Roteirista de longas de sucesso como “Central do Brasil” e “Deus é Brasileiro”, João Emanuel Carneiro já era reconhecido no cinema quando decidiu investir na televisão.
Na virada dos anos 2000, firmou-se como colaborador de Maria Adelaide Amaral em minisséries como “A Muralha” e “Os Maias”.
Incentivado por Silvio de Abreu e Denise Saraceni, João decidiu se candidatar a uma vaga no grupo de romancistas de sete horas e acabou entregando uma sinopse de novela para a alta direção da emissora.
Sem resposta, quase um ano depois, o autor estava prestes a ingressar como colaborador de Gilberto Braga em “Celebridade” quando teve a sinopse aprovada pela Globo.
Duas décadas depois, a história de “Da Cor do Pecado”, voltou ao ar na tela do canal pago Viva, mostrando todo o seu apelo popular, que fez da obra a maior audiência dos anos 2000.
Aos olhos do tempo, porém, a primeira novela protagonizada por uma atriz negra teria sérios problemas se fosse exibida hoje, em grande parte por causa de suas abordagens polêmicas sobre o racismo”, disse.assédio moral”, intolerância religiosa e homofobia, entre outras questões que ganharam mais força com o passar do tempo e o esclarecimento das agendas sociais.
Na trama, o envolvimento sexual do poderoso empresário Afonso e sua empregada Edilásia, personagens de Lima Duarte e Rosi Campos, acaba com ela grávida.
Não querendo magoar a mulher doente, Afonso abre o jogo com a mulher, que aceita dar frutos da traição. Pronta para fugir, Edilásia esconde da patroa que na verdade estava grávida de gêmeos.
Assim, deixa um dos meninos para ser criado por Afonso e foge com o outro.
Quase três décadas depois, Paco e Apolo, de Reynaldo Gianecchini, seguiram caminhos bem diferentes.
O primeiro é um botânico em uma eterna guerra de valores com o próprio pai, enquanto o segundo leva uma vida simples com a mãe e quatro meio-irmãos.
Em viagem ao Maranhão, Paco acaba se apaixonando por Preta, de Taís Araújo.
O amor à primeira vista dos dois é alvo de uma armação feita por Bárbara e Kaike, vilões de Giovanna Antonelli e Tuca Andrada.
Após um salto de oito anos, Apolo é supostamente assassinado por bandidos, enquanto Paco sobrevive a um acidente de helicóptero.
Pronto para desaparecer da vida cheia de mentiras, dor e traição que liderou, Paco toma o lugar de Apolo.
Surpreendentemente, ele reencontra Preta quando ela chega ao Rio de Janeiro, determinado a provar que o pequeno Raí, de Sérgio Malheiros, é o filho legítimo de seu antigo amor.
A forma mais intensa com que as situações são abordadas em “Da Cor do Pecado” levou o Viva a adotar uma atitude inédita: ao final dos capítulos, o canal exibe a mensagem “Este trabalho reproduz comportamentos e costumes da época em que foi feito”.
As novelas são uma lupa da realidade.
Dependendo do tom, esse visual pode ir muito além da história em si.
Carregado de ironia, o texto de João Emanuel usa humor e uma boa dose de realismo para mostrar um vilão que chama a menina de macaca e um rico empresário que também trata a protagonista com desdém, resumindo-a como uma grande garimpeira por causa da cor da sua pele .
Além disso, as subtramas revelam um pai de um santo pervertido e charlatão, Helinho, de Matheus Nachtergaele, ou Abelardo, um jovem de gestos e gostos femininos que muitas vezes é atacado por sua família por ser um pouco mais extravagante, papel defendido por Caio Blat.
Na época, as cenas pareciam banais.
Hoje em dia, o impacto do texto soa, no mínimo, desconfortável.

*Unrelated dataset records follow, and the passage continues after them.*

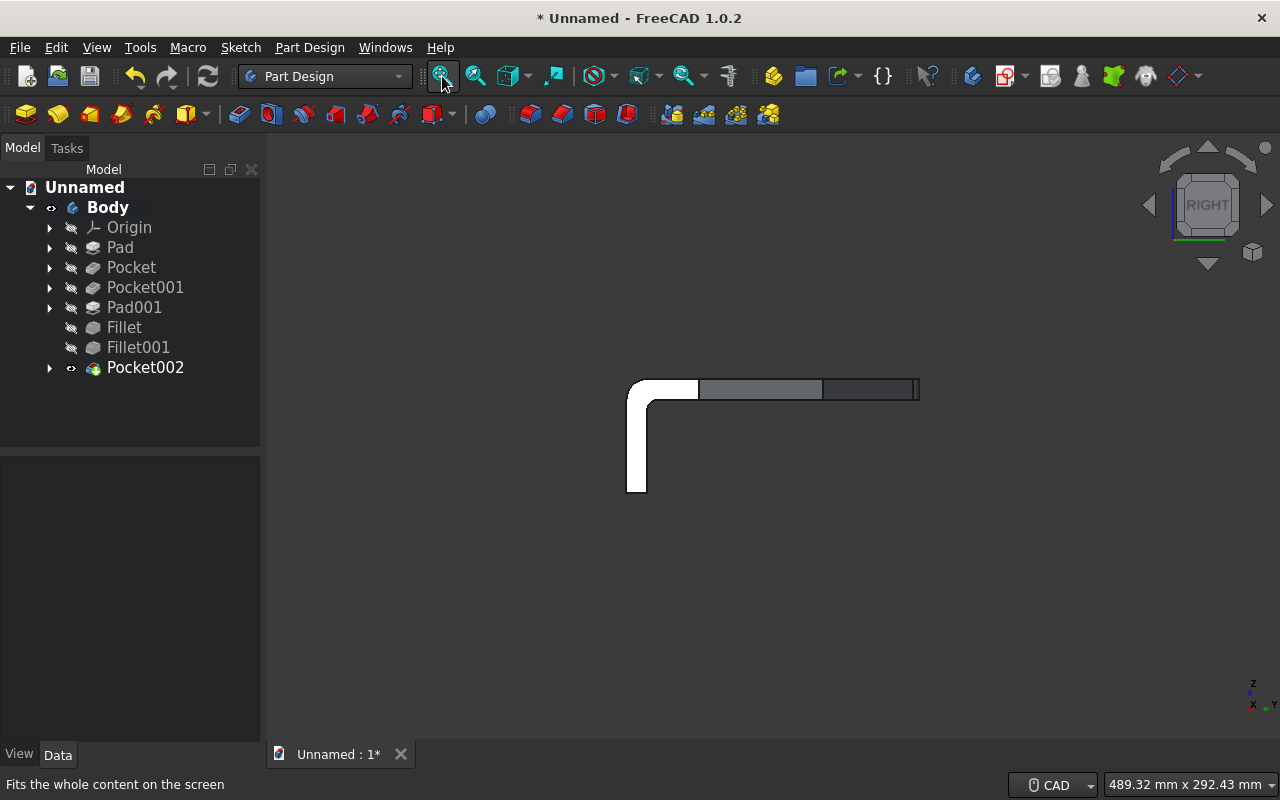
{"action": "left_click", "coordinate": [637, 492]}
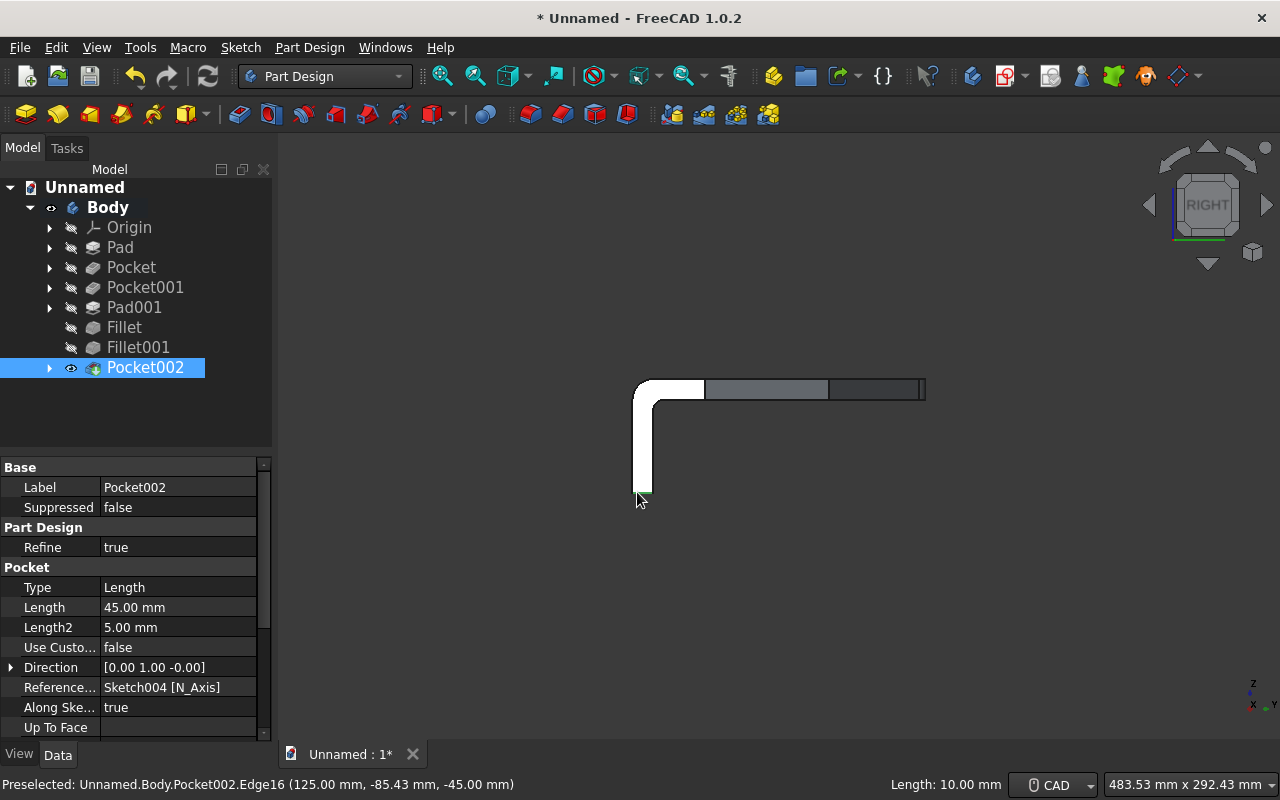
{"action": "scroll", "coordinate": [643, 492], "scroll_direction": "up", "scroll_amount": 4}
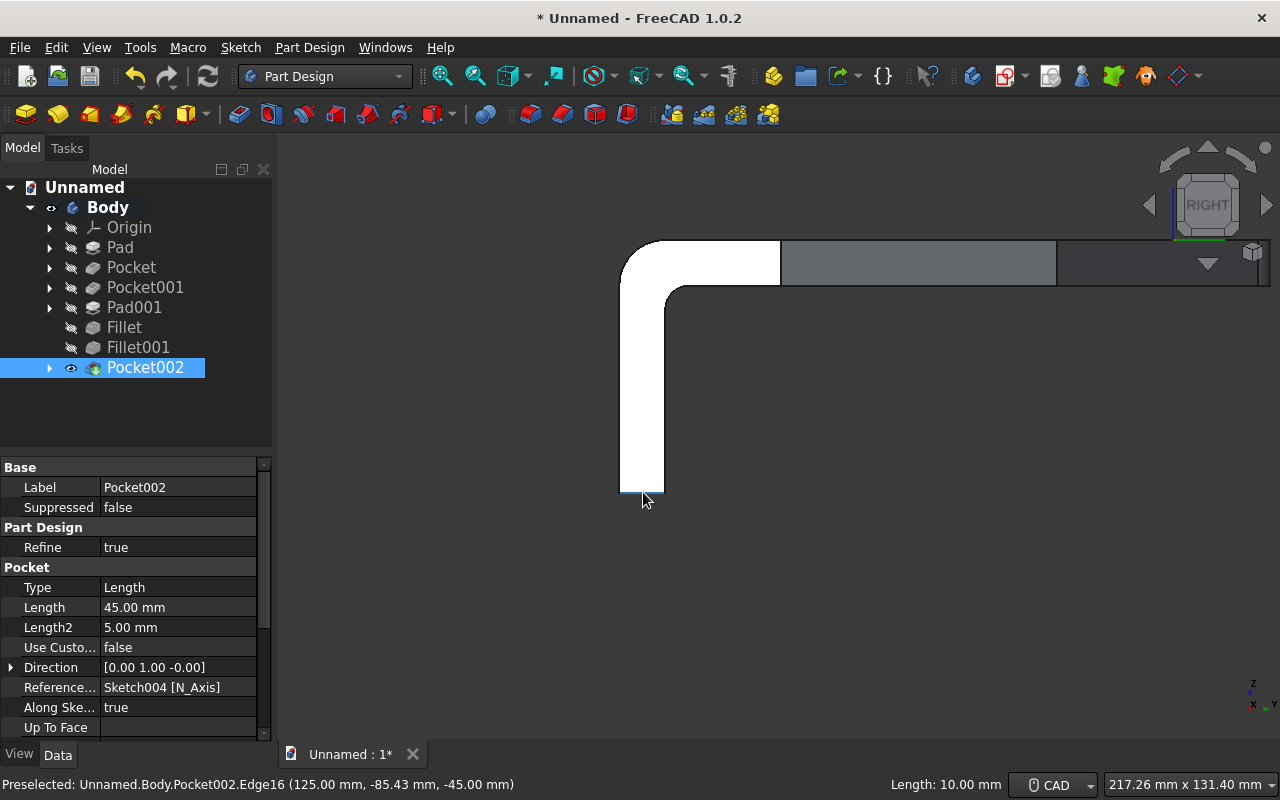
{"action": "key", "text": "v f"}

Apesar das situações polêmicas, a novela dribla suas polêmicas, que hoje chegam até o título – ao relacionar literalmente pecado e cor da pele – com a bela e simples história de amor interracial extremamente representativa que fez e ainda faz o público suspirar.
“Da Cor do Pecado” pode não ter envelhecido da melhor maneira, mas ainda tem muito valor.